AA için yaşananları kaleme alan araştırma görevlisi Büşra Sarıkaya çarpıcı ifadelere yer verdi. Sarıkaya “CDU’lu Kassel Bölge Valisi Walter Lübcke’nin 2 Haziran 2019 tarihinde gece yarısı kendi evinde başından vurularak öldürülmesi kamuoyunda infial oluşturdu. Başta yetkililer ve medya organları, Kassel Bölge Valisi Lübcke’nin katilinin ırkçı ve yakın çevresinden olduğu tahmini üzerinde yoğunlaştı. Fakat asıl ilginç detay daha sonra ortaya çıktı. Artık sadece aşırı sağcı gruplardan bağımsız tek başına hareket eden bir katilden değil, ırkçı bir yapılanmaya üye olan ve NSU seri cinayetlerinde de parmağı olan bir şahıstan bahsedilmeye başlandı. Bu durum devlet makamları için de ayrı bir zorluk anlamına geliyordu, zira bizzat Alman devletinin sahip olduğu yetkiler ve birtakım hizmetler aracılığıyla bu tip yapılara derinden dâhil olduğu biliniyor.

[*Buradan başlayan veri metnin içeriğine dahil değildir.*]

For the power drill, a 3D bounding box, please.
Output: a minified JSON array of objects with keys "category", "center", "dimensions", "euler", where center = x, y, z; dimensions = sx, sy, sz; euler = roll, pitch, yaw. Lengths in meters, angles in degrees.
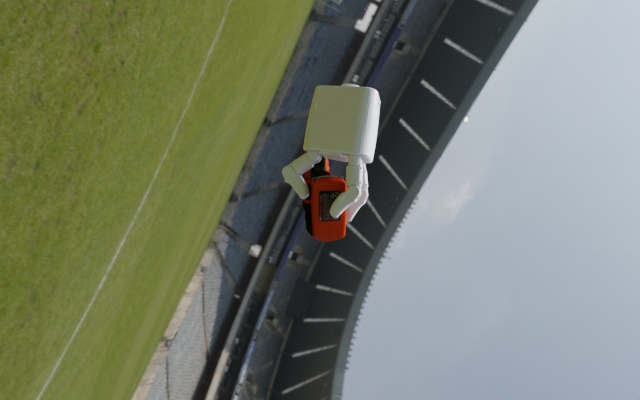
[{"category":"power drill","center":[0.000,0.003,0.840],"dimensions":[0.057,0.184,0.187],"euler":[-5,19,-9]}]

BARDAĞI TAŞIRAN SON DAMLA OLDU
On bir yıl boyunca “döner cinayetleri” olarak basında sıkça tartışılan NSU davasının nihai sonuca varamamış olması ve son olarak mahkeme kararıyla davayla ilgili kanıtların 120 yıl erişime yasaklanması ve birden unutturulmaya çalışılması zaten toplumu öfkelendirmişken şimdi de mültecilerin haklarını savunan bir politikacının sessizce kendi evinde öldürülmesi bardağı taşıran son damla oldu” diyor.
Kamuoyu sahte haberlerle yanlış yönlendirildi
Kamuoyunun sahte haberlerle yönlendirildiğini belirtene Sarıkaya, “Lübcke cinayetinin detayları incelenecek olursa, bunun başta ırkçı bir saldırı olduğuna kesin gözüyle bakılıyordu. Fakat sonra her ne olduysa, çok pratik bir bakış açısı üzerine odaklanıldı. Önce yeni bir senaryo çizdiler sonra da bu senaryoya göre bir fail oluşturarak siyasi izi silmeye çalıştılar. Bu yöntem orijinalliğini uzun süre önce yitirmiş olsa da, alıcısı ve inananı çok olduğundan işe yarayan bir yöntem olarak kabul edilir. Lübcke cinayeti için ise senaryo şu şekilde yazıldı: “Kermes ziyareti sırasında alevlenen kavganın sonu: Polis Lübcke cinayetinin bir ırkçı grup tarafından değil de kendi yakın çevresinden biri tarafından gerçekleştiği üzerinde yoğunlaştı.” (Süddeutsche Zeitung, 17 Haziran 2019)” diyor. Basında bu yönde algı yaratılmaya çalışıldığını belirten Sarıkaya şöyle devam ediyor:
MASUM BAHÇIVAN SENARYOSU TUTMADI
Katil zanlısı hakkında başta kullanılan “aslında masum bir bahçıvandı” senaryosunun uzun süre gitmeyeceği anlaşılınca ikinci senaryo devreye sokuldu ve zanlının Nazi olduğu kabul edildi. Fakat bu sefer de “sağcı bir terörist gruba dahil olabileceğine dair bir kanıt yok” dendi (Frankfurter Rundschau, 18 Haziran 2019). Bu görüş ise yetkili makamların sözcüsü Markus Schmitt tarafından Karlsruhe’deki federal savcının ifadelerine dayanarak paylaşıldı.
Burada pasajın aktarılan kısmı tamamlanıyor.